Que implicara a un ama de llaves en los asuntos privados de la familia, y la mezcla de falsedades y vulgaridad con la que Lydia chismorreaba sin reparos, hizo que Jane se replanteara la conveniencia de aceptar de tan buen grado las visitas de su hermana, por lo general sorpresivas, y resolvió no alentarlas en lo venidero, tanto por el bien de Bingley y los niños como por el suyo propio. Pero una más sí habría de soportar: le había prometido a Lydia llevarla a Highmarten cuando, según lo dispuesto, Bingley y ella abandonaran Pemberley el domingo por la tarde, y sabía de la gran carga de la que libraría a Elizabeth si esta podía dejar de atender las constantes reclamaciones de atención y compasión, sus impredecibles arrebatos de tristeza combinados con interminables quejas. Jane se había sentido impotente ante la tragedia que se había cernido sobre Pemberley, pero aquel pequeño servicio era lo mínimo que podía hacer por su querida Elizabeth.

4

Elizabeth dormía profundamente, aunque aquellos breves períodos de reparadora inconsciencia quedaban interrumpidos por pesadillas que la despertaban sobresaltada, y entonces a su mente regresaba el verdadero horror que se cernía como un nubarrón sobre Pemberley. Instintivamente, buscó a su esposo, pero al momento recordó que pasaba la noche con el coronel Fitzwilliam en la biblioteca. Sentía una necesidad casi irreprimible de levantarse y ponerse a caminar de un lado a otro del dormitorio, pero se controlaba y procuraba conciliar el sueño una vez más. Las sábanas de hilo, por lo general frescas y cómodas, habían quedado más retorcidas que una soga, y las almohadas, rellenas de suaves plumas de ganso, parecían duras y calientes, y había que ahuecarlas y darles la vuelta constantemente para que proporcionaran algo de comodidad.

Sus pensamientos la llevaron hasta Darcy y el coronel. Le parecía mal que estuvieran durmiendo, o intentando dormir, tan incómodamente, y más después de un día espantoso. ¿Qué le habría pasado por la cabeza al coronel Fitzwilliam para proponer algo así? Ella sabía que la idea había sido suya. ¿Acaso había algo importante que debía comunicar a Darcy, y necesitaba pasar unas horas con él sin que nadie los interrumpiera? ¿Le revelaría algún dato sobre aquel misterioso paseo a caballo o sus confidencias tendrían que ver más bien con Georgiana? Entonces se le ocurrió que, tal vez, su interés en forzar ese encuentro lo motivara su deseo de impedir que Darcy y ella pasaran un rato a solas; desde que habían regresado con el cadáver de Denny, su esposo y ella apenas habían tenido tiempo de conversar en privado. Pero al momento apartó aquella ridícula idea de su mente e intentó dormir un rato más.
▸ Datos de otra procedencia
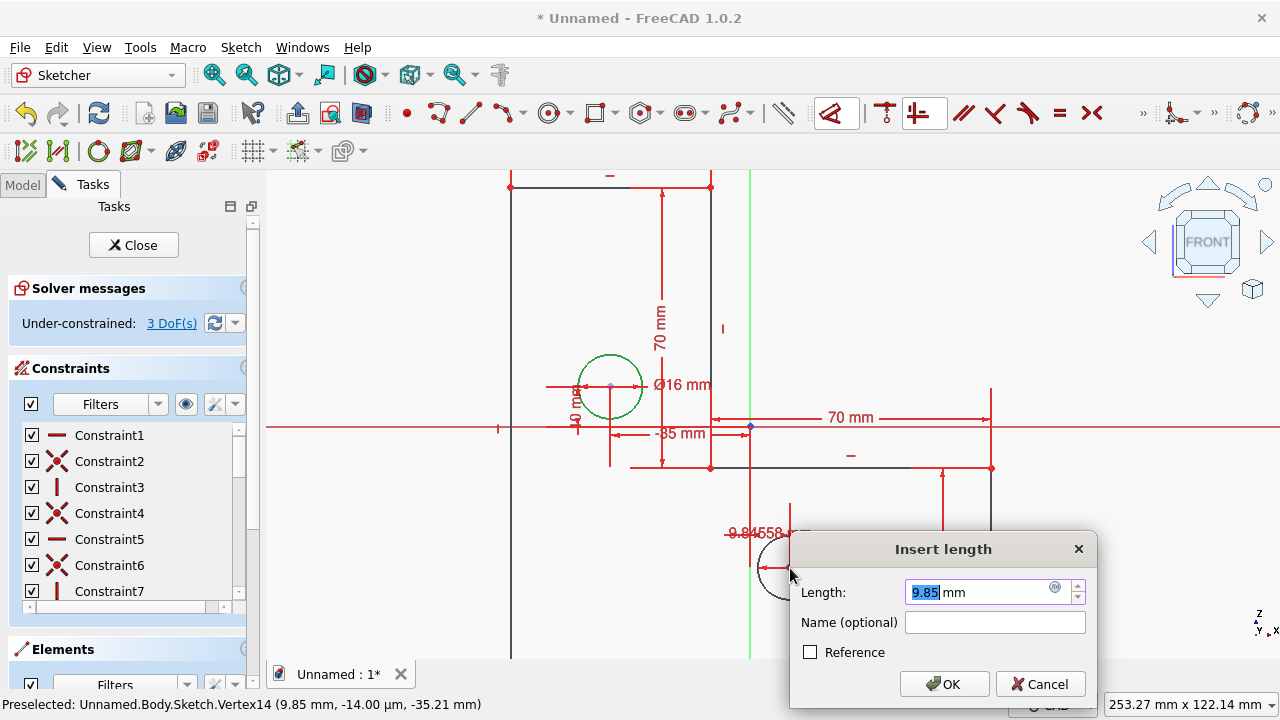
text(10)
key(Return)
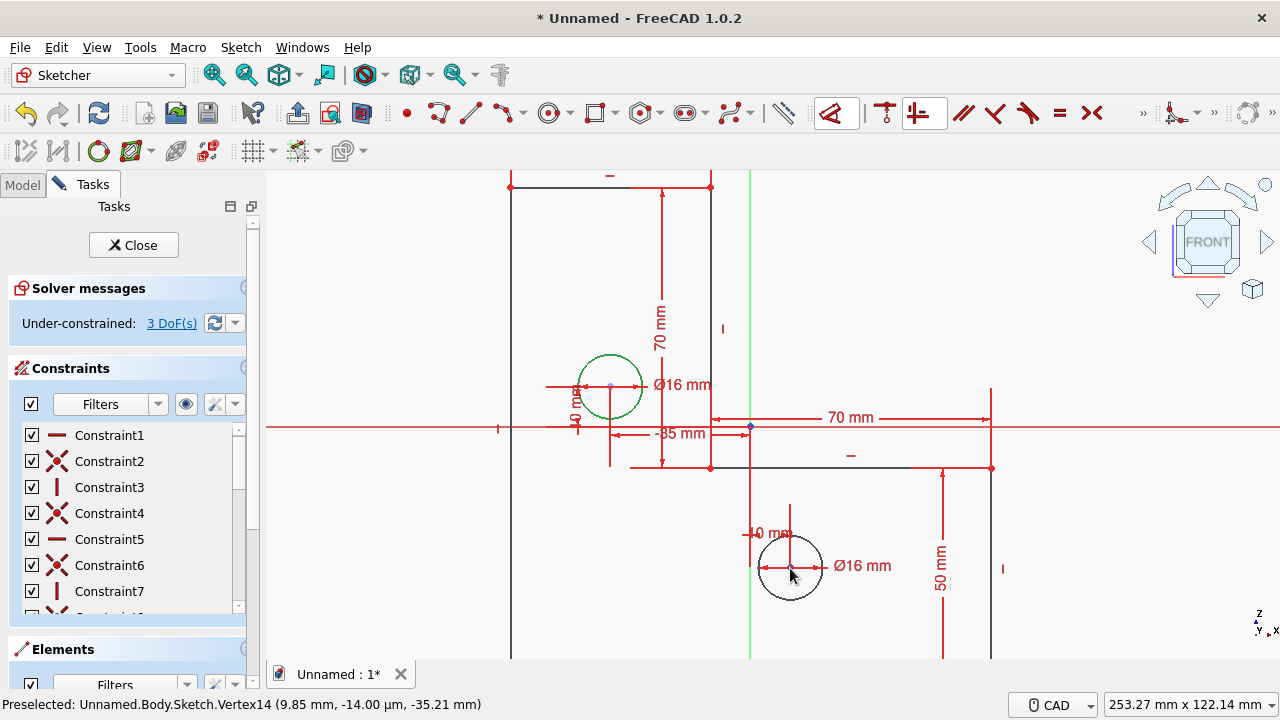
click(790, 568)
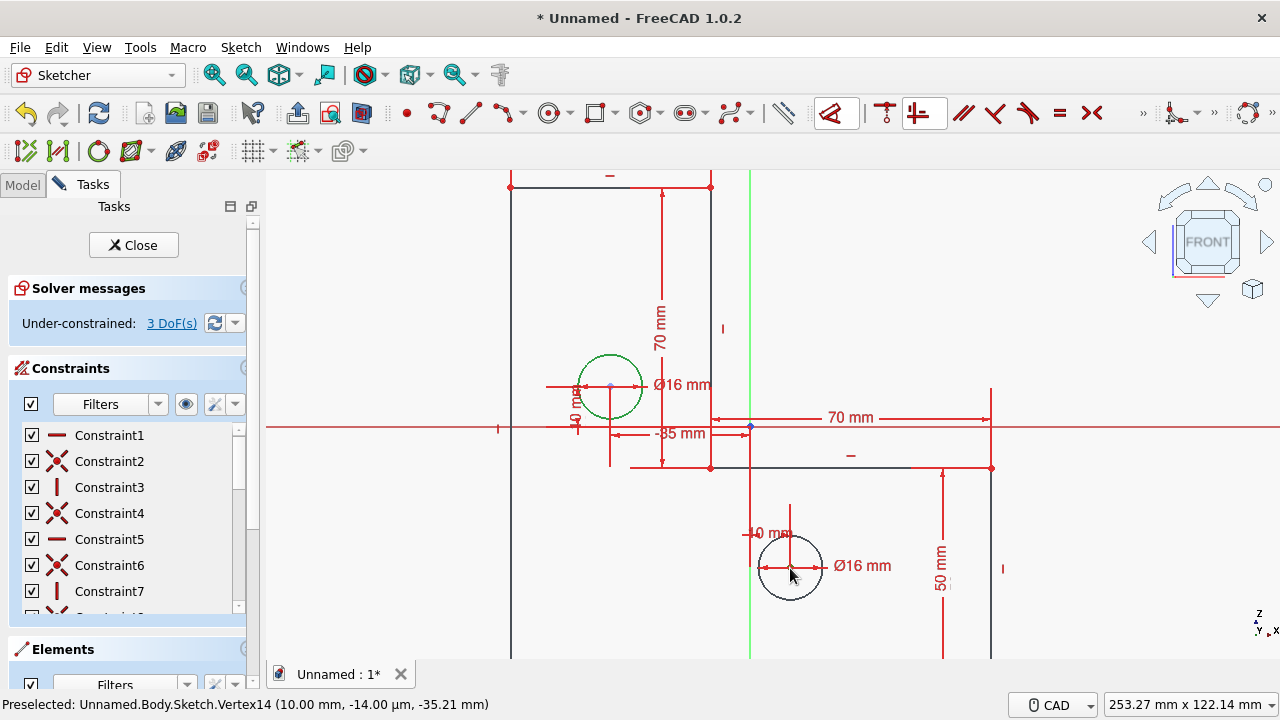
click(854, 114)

A pesar de saber que su cuerpo estaba extenuado, su mente no se había mostrado nunca tan activa. Pensaba en lo mucho que había que hacer antes de la llegada de sir Selwyn Hardcastle. Habría que notificar a cincuenta casas la cancelación del baile. No habría servido de nada enviar notas esa noche, pues la mayoría de los invitados estarían ya acostados. Con todo, tal vez ella debería haberse quedado levantada hasta más tarde y, como mínimo, haber empezado con la tarea. Pero existía una responsabilidad más inmediata que debía atender antes. Georgiana se había acostado temprano, y no sabría nada de la tragedia de la noche. Desde su intento de seducirla, ocurrido siete años atrás, Wickham no había vuelto a ser recibido en Pemberley, y su nombre no se había pronunciado ni una sola vez. Todos habían actuado como si aquello no hubiera sucedido. Ella sabía que la muerte de Denny haría aumentar el dolor del presente y resucitaría la tristeza del pasado. ¿Conservaba Georgiana algo del afecto que había sentido por Wickham? ¿Cómo soportaría verlo, teniendo, como tenía, a dos pretendientes en casa, y más en aquellas circunstancias de sospecha y horror? Elizabeth y Darcy pensaban reunirse con todos los miembros del servicio en cuanto hubieran terminado el desayuno, para informarles de la desgracia, pero resultaría imposible mantener ignorantes de la llegada de Lydia y Wickham a las doncellas, que, ya desde las cinco de la mañana, estarían atareadas limpiando habitaciones y encendiendo fuegos. Ella sabía que Georgiana solía despertarse temprano, y que su camarera descorrería las cortinas y le traería el té, puntualmente, a las siete. Era ella, Elizabeth, la que debía hablar con Georgiana antes de que alguien, sin querer, le revelara la noticia.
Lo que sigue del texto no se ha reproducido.